Ihr ganzes Leben verbrachte Christine Dorrer in der Kurstadt. Nur ein Jahr war sie fort, als Au-pair-Mädchen in England. Das war auch ihre einzige längere Pause von den Philharmonischen Konzerten. Seit 53 Jahren besucht die Büroangestellte die Konzerte. Mal kam sie mit Freudinnen, von denen einige „abgesprungen“ sind, wie sie sagt, weil sie wegzogen, mal mit der Schwester oder der Mutter. Oder auch allein: „Es war immer eine Erholung für mich, wie Urlaub, ein schöner Abend, an dem ich abschalten kann.“ Sie nahm auch ihren Sohn ab und zu mit, damit er sich ein Bild von der klassischen Musik macht. Früher habe er nur Heavy Metal gehört, inzwischen geht er selbst in Konzerte, wie zuletzt in eines mit Musik von Beethoven und Mozart – auf Neuseeland, wo er zurzeit lebt. Über diese Entwicklung sei sie „ganz stolz“, gesteht sie.

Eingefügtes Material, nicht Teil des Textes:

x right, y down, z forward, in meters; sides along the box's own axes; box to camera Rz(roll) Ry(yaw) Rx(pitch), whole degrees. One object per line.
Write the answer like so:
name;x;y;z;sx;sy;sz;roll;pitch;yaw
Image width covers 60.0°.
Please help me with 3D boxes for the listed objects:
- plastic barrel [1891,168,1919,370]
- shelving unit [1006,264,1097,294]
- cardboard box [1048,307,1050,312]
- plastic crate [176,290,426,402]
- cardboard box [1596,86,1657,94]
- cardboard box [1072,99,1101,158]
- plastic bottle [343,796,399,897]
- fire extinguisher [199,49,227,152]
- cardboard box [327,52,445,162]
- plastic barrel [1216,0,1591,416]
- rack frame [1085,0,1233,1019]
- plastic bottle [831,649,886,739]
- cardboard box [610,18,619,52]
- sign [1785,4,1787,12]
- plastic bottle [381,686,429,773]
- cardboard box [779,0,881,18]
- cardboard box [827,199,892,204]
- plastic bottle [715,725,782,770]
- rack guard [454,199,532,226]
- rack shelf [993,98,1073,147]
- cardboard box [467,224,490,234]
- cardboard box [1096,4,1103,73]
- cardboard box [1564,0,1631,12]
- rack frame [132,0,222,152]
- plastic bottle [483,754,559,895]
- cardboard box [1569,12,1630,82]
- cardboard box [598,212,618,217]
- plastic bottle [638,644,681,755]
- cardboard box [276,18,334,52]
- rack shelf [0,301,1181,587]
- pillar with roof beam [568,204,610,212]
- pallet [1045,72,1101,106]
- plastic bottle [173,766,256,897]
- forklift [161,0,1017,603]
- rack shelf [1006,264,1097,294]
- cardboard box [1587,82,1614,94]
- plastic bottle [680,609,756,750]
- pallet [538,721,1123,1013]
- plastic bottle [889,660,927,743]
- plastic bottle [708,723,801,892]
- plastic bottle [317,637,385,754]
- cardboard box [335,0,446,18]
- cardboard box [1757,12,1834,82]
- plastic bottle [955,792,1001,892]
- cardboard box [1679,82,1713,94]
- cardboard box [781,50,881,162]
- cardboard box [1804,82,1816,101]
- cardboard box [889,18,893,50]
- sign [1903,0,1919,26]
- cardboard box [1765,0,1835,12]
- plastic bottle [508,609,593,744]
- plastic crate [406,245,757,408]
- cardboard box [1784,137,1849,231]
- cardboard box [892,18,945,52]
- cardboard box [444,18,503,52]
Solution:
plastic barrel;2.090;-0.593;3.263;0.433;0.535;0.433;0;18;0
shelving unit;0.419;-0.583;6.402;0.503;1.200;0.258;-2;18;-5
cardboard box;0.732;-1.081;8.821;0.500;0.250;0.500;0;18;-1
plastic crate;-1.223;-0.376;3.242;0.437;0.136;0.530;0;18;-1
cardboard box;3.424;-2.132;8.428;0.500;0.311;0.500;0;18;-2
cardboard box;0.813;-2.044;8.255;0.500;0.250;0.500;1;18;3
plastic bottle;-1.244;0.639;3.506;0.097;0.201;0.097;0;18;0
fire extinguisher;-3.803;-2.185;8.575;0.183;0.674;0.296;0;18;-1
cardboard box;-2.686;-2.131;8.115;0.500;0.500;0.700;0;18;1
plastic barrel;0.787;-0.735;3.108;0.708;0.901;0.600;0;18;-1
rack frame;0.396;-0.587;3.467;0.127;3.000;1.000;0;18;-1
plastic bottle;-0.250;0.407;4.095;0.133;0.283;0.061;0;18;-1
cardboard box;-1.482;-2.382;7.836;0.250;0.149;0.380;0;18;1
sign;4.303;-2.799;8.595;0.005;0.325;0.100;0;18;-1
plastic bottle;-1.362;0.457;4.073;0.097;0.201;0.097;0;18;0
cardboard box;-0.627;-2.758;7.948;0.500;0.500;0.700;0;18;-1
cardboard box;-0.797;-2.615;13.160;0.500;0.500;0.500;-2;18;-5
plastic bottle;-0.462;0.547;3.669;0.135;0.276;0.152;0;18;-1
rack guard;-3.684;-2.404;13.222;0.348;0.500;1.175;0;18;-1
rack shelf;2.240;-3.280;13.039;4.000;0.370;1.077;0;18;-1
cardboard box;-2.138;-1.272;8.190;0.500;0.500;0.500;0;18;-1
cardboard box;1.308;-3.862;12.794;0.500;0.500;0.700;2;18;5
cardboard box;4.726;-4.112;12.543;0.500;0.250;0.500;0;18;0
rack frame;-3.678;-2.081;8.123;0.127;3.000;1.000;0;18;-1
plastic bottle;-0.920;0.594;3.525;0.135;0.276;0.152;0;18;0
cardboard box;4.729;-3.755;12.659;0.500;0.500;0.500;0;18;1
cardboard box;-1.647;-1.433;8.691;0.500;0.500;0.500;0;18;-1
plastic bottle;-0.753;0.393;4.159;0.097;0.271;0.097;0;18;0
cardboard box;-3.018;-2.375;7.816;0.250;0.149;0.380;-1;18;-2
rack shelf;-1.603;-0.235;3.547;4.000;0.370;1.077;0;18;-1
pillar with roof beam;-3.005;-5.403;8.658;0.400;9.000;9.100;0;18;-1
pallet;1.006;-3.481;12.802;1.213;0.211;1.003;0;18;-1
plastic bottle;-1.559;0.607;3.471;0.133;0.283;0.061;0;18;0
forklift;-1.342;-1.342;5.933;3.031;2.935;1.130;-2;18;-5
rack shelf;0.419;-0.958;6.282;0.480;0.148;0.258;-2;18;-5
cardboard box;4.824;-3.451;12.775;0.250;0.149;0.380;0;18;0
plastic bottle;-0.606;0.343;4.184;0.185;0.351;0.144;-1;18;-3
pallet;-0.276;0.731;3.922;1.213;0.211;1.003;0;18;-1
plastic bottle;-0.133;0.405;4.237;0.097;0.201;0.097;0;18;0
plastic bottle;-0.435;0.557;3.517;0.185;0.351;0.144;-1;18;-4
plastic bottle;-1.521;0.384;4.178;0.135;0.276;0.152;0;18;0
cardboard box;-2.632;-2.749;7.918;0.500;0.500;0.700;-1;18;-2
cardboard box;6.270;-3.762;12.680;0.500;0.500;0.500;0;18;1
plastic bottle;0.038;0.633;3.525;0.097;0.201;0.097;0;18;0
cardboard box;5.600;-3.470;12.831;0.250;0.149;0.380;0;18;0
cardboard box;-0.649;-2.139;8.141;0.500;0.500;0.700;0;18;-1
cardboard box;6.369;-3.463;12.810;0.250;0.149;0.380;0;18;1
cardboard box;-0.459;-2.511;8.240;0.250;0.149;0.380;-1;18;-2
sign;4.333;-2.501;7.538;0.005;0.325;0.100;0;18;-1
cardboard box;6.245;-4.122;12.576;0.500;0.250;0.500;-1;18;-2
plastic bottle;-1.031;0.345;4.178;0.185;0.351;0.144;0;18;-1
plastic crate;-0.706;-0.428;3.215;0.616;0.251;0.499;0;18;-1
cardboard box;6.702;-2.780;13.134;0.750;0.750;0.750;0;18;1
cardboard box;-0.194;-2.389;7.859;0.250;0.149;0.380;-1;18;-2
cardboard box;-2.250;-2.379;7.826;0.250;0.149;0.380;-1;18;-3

Wie heutzutage gab es stets sechs Philharmonische Konzerte im Jahr. Anfangs, so erinnert sich die heute 69-Jährige, waren es Konzerte mit schöner, unterhaltsamer, leichtgängiger Musik, „mehr für die älteren Damen“. Gerade bei ihnen sei der damalige Chefdirigent Dr. Wilhelm Barth sehr beliebt gewesen. Sie brachten ihm Rosen auf die Bühne im prächtigen Königlichen Kurhaus, wo die Konzerte bis Ende der Achtziger stattfanden.

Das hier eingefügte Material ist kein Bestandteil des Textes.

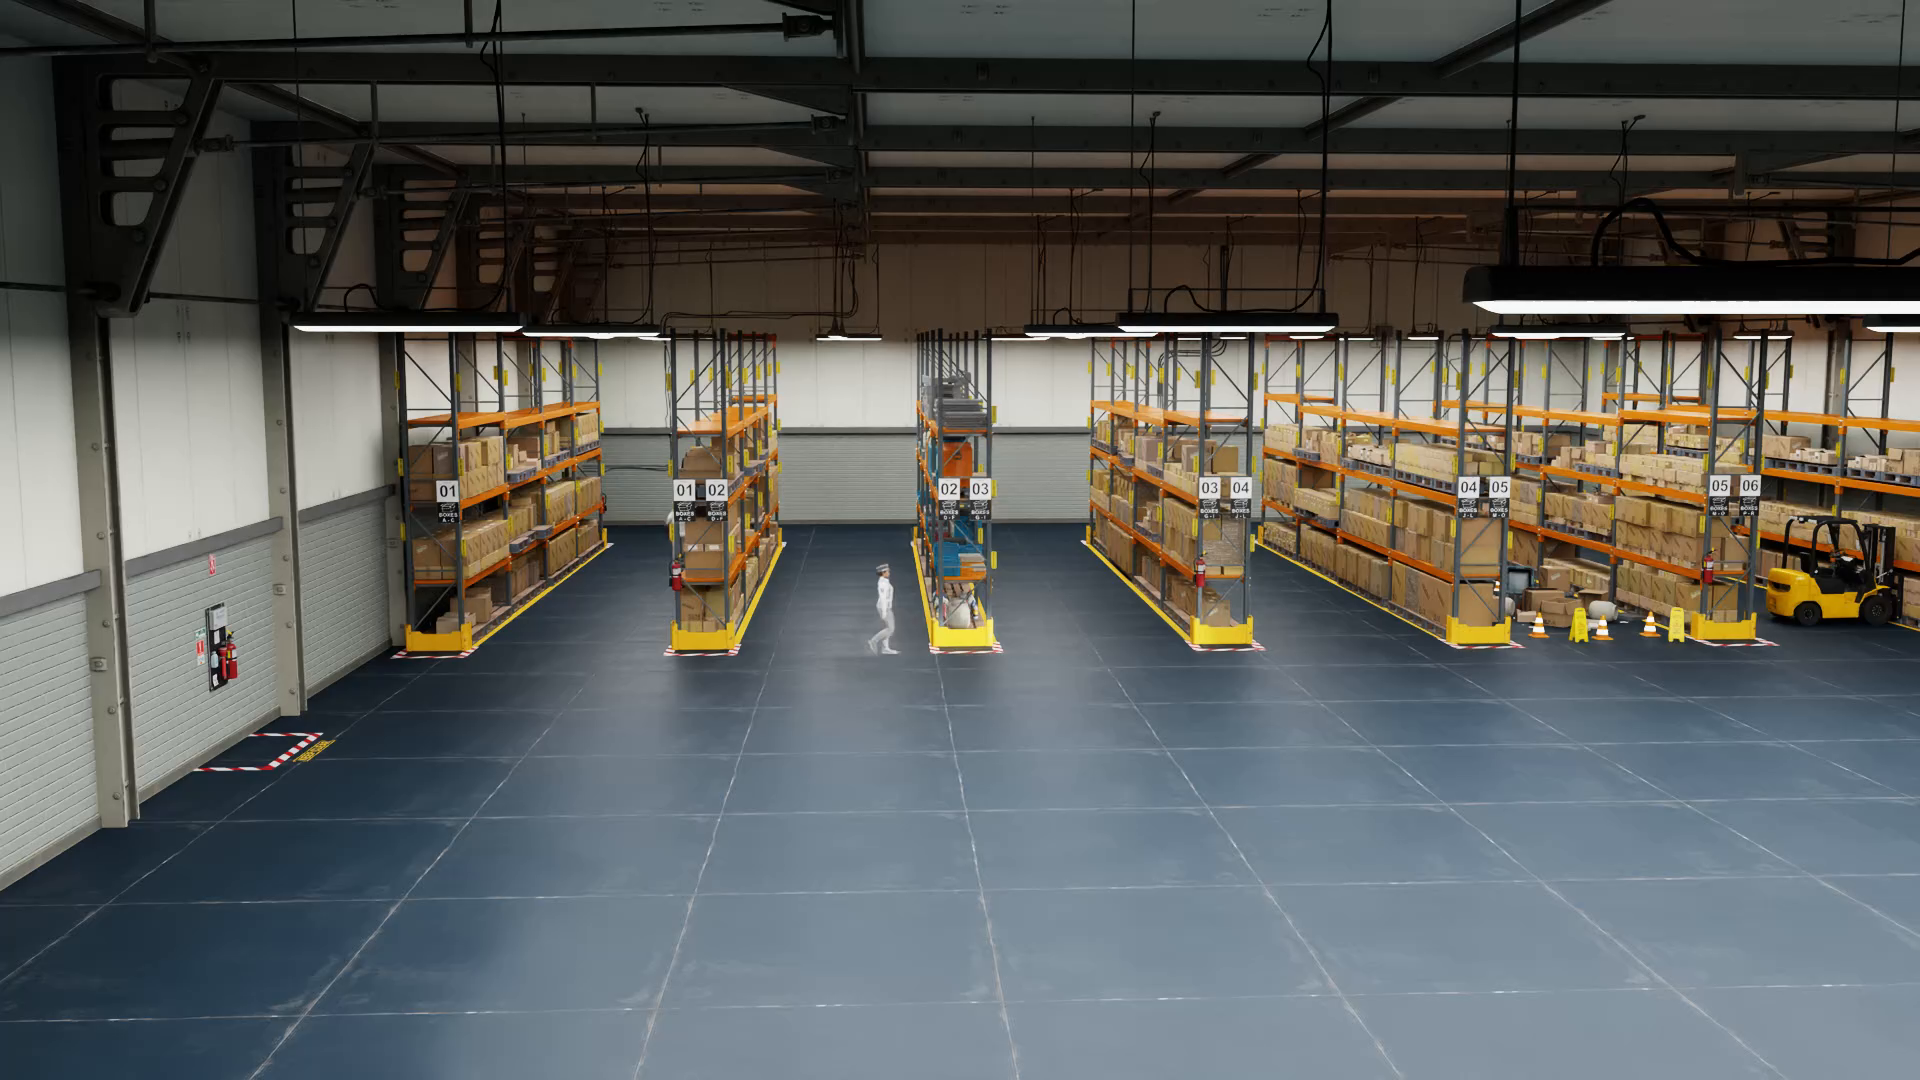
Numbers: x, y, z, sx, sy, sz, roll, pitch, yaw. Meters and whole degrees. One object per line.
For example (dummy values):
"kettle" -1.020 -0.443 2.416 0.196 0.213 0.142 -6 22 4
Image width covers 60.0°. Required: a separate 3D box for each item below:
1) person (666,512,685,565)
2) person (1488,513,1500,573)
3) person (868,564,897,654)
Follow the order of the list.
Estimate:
"person" -7.155 -0.125 42.331 0.660 1.709 1.081 -1 7 -6
"person" 12.913 0.155 40.232 0.439 1.660 0.568 -3 7 -22
"person" -1.429 1.273 30.599 0.522 1.676 0.503 0 7 -3

„Das Orchester ist sehr gut geworden“

Christine Dorrer erlebte seitdem alle Künstlerischen Leiter des Orchesters, Klaus-Dieter Demmler, den „dynamischen“ Thomas Mandl, Christoph Adt und schon ab Mitte der Achtziger Christian Simonis, der in seiner ersten Amtszeit Wilhelm Barth nachfolgte. Später seien auch öfter zeitgenössische Stücke gespielt worden, die so anders waren als die Musik ihrer geliebten Beethoven, Mendelssohn oder Bruch. „Im Radio hätte ich die Stücke weggeschaltet, aber sie live zu hören und zu sehen, wie das Orchester dabei arbeitet, die rhythmischen Instrumente, das war sehr interessant.“

Gerade Christian Simonis habe das Orchester in den letzten Jahren sehr gut in der Hand gehabt. „Das Orchester ist sehr gut geworden, besser als unter Barth“, meint Christine Dorrer und schränkt gleich ein, dass sie eigentlich keine Fachfrau sei, um das zu beurteilen. Manche Musiker sind über die Jahrzehnte vor ihren Augen gealtert, „mitgealtert“, wie sie sagt. „Das fällt einem dann gar nicht so auf.“ Auch das Publikum sei mittlerweile ein anderes als zu Beginn, als „silberblau ondulierte Damen“ in der Überzahl waren. Heute kommen mehr Menschen mittleren Alters, hat sie beobachtet, und auch mehr von außerhalb, etwa aus Traunstein, auch aus München seien Bekannte von ihr zu Konzerten nach Reichenhall gekommen.

Vom neuen Chefdirigenten Daniel Spaw wünscht sie sich, dass das Orchester so gut bleibt, wie es jetzt ist. Und dass es wieder mehr spielen kann, trotz Corona. „Die Situation war einmalig. Die Abokonzerte hat es immer gegeben“, so Christine Dorrer. Beim ersten Konzert nach der Corona-Pause Ende August hatte sie das Gefühl, dass die Musiker darauf brannten, wieder vor Publikum zu spielen. Und dem Publikum habe man nach der Vorstellung angesehen, dass es glücklich war, wieder Musik vor Ort gehört zu haben, und nicht nur im Radio oder im Fernsehen.